In a quantum leap forward from the lo-fi Little Boat EP, Honeyfeet's long-awaited debut album is a darkly atmospheric work full of textural colour and ambience. It's a Good Thing I Love You draws on the familiar Honeyfeet elements of blues, jazz and folk, anchored around Rioghnach Connolly's captivating jazz blues vocals, all carefully refracted through a production filter of trippy, experimental studio effects. The result is a bewitching soundworld, full of languid beauty and dreamy sensuality.

On 'All I Know', a loping three-note bassline sets the mood before the flute and guitar introduce a catchy minor key hook. Connolly's vocals ruminate, full of bluesy anguish and soulful inflection. The feeling of weary lethargy is heightened with the trip hop tinged echo delays, bassy gurglings and glassy handclaps.

'Shadow' is a ghostly blues number coloured with distorted harmonica and deep glissandos from the horns. The effect is eerily surreal, like you've entered a strange dream sequence from a David Lynch film. In 'Rolling Around', the band alternates between the breezy harmonica-led theme and a waltzing guitar melody, looping endlessly with a Radiohead-like restlessness. On 'Harlequin', the only instrumental of the album, the band breaks out with a pleasing mix of mournful Ethio jazz modes and Latin rhythm, with open spaces for solos. With its sexy, bluesy swagger, 'Buried My Husband' could be a forgotten soundtrack to a Bond film.

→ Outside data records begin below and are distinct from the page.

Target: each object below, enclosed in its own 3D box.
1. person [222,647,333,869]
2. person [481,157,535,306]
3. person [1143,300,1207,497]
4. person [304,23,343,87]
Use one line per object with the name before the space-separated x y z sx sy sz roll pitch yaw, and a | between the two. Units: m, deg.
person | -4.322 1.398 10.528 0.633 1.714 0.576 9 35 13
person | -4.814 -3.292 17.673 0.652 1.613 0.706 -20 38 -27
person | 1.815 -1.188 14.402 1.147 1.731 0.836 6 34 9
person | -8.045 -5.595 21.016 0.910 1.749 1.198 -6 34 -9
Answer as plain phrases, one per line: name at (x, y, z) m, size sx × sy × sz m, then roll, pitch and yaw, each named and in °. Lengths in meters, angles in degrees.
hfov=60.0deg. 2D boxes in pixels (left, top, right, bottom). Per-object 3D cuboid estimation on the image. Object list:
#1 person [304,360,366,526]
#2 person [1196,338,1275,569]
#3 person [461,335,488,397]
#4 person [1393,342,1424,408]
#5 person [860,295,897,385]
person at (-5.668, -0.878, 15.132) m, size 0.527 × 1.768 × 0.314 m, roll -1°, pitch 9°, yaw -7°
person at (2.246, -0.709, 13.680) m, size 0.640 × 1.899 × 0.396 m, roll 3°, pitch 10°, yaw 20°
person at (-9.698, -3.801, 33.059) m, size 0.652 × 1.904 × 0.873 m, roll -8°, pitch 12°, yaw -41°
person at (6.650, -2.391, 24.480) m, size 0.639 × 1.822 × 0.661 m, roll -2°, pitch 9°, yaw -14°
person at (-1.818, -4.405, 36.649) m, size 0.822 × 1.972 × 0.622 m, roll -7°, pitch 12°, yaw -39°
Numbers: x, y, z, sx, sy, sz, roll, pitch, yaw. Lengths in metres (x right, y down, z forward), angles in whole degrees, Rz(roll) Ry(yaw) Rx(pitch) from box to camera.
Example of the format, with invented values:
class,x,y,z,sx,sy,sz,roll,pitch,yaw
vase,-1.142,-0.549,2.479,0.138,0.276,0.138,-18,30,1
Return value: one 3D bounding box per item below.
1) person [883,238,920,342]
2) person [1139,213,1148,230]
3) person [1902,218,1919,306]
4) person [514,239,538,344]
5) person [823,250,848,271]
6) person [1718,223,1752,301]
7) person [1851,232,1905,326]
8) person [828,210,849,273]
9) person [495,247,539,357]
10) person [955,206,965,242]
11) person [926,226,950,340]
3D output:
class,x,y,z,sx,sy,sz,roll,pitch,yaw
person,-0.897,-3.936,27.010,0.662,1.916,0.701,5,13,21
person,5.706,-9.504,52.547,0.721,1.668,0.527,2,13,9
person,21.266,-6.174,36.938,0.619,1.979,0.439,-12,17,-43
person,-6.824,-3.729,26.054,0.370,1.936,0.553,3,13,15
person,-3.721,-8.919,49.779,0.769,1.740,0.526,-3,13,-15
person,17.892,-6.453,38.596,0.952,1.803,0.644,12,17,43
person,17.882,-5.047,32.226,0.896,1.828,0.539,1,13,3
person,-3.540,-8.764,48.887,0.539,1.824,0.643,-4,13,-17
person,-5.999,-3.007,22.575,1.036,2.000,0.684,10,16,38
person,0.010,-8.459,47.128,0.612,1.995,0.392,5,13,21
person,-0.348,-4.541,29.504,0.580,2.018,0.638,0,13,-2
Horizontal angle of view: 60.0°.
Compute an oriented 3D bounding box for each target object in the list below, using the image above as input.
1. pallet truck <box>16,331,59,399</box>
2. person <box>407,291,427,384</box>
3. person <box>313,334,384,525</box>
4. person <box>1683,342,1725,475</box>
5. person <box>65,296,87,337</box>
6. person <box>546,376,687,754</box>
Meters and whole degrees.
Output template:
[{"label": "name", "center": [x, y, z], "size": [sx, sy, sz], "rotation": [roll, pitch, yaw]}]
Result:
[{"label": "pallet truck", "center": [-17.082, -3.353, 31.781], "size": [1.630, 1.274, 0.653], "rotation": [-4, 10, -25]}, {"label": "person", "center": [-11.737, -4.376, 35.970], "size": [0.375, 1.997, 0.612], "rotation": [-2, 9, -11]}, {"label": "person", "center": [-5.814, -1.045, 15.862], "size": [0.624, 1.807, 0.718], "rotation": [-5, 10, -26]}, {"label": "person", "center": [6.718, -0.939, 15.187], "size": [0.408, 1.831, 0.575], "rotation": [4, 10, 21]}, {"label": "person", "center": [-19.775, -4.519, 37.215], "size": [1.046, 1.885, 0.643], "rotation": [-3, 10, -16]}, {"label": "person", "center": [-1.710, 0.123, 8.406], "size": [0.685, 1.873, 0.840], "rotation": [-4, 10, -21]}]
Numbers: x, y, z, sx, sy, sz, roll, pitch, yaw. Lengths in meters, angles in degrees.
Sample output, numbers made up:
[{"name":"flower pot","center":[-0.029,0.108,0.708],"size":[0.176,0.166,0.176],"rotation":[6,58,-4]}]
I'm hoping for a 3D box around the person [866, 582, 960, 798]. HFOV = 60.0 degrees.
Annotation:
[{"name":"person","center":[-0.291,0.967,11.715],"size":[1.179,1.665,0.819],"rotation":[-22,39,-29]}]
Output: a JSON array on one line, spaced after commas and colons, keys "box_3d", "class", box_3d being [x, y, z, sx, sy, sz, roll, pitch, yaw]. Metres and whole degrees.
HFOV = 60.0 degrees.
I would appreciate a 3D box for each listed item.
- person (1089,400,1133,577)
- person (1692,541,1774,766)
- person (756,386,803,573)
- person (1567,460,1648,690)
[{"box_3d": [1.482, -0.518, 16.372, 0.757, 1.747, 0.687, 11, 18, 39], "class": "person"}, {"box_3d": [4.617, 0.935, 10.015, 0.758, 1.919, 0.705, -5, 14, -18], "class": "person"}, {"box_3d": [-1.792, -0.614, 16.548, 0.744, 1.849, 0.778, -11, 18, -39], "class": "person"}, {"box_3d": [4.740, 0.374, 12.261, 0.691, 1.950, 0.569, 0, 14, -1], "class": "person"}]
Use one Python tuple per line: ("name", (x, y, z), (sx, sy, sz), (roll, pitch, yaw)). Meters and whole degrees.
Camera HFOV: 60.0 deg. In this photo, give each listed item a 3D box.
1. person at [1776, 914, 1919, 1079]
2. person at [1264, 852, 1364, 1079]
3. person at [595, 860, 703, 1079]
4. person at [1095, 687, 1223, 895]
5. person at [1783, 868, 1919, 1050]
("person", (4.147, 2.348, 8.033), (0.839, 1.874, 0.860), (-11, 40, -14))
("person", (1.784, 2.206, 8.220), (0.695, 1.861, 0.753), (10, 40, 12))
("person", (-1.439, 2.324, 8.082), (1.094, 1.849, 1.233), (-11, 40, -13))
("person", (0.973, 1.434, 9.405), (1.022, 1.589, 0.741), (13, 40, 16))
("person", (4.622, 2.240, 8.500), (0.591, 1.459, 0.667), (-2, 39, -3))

The album closes with something rather special. At almost eight minutes in length, ‘Gather Me’ luxuriates in a deep, downtempo groove of which The Cinematic Orchestra would be proud. Connolly's vocals are exquisitely nuanced, full of soulful fragility and grace. The same falling chord sequence which opens the album then draws things to a close, the band subsiding into an exhausted jazzy dissonance.

For years Honeyfeet were one of those special bands you might come across by chance and rave about for weeks. But on record there just hasn't been anything to really capture their sound until now. With help from the likes of John Ellis and Paddy Steer, one of Manchester's best kept secrets have finally released a record which truly does them justice.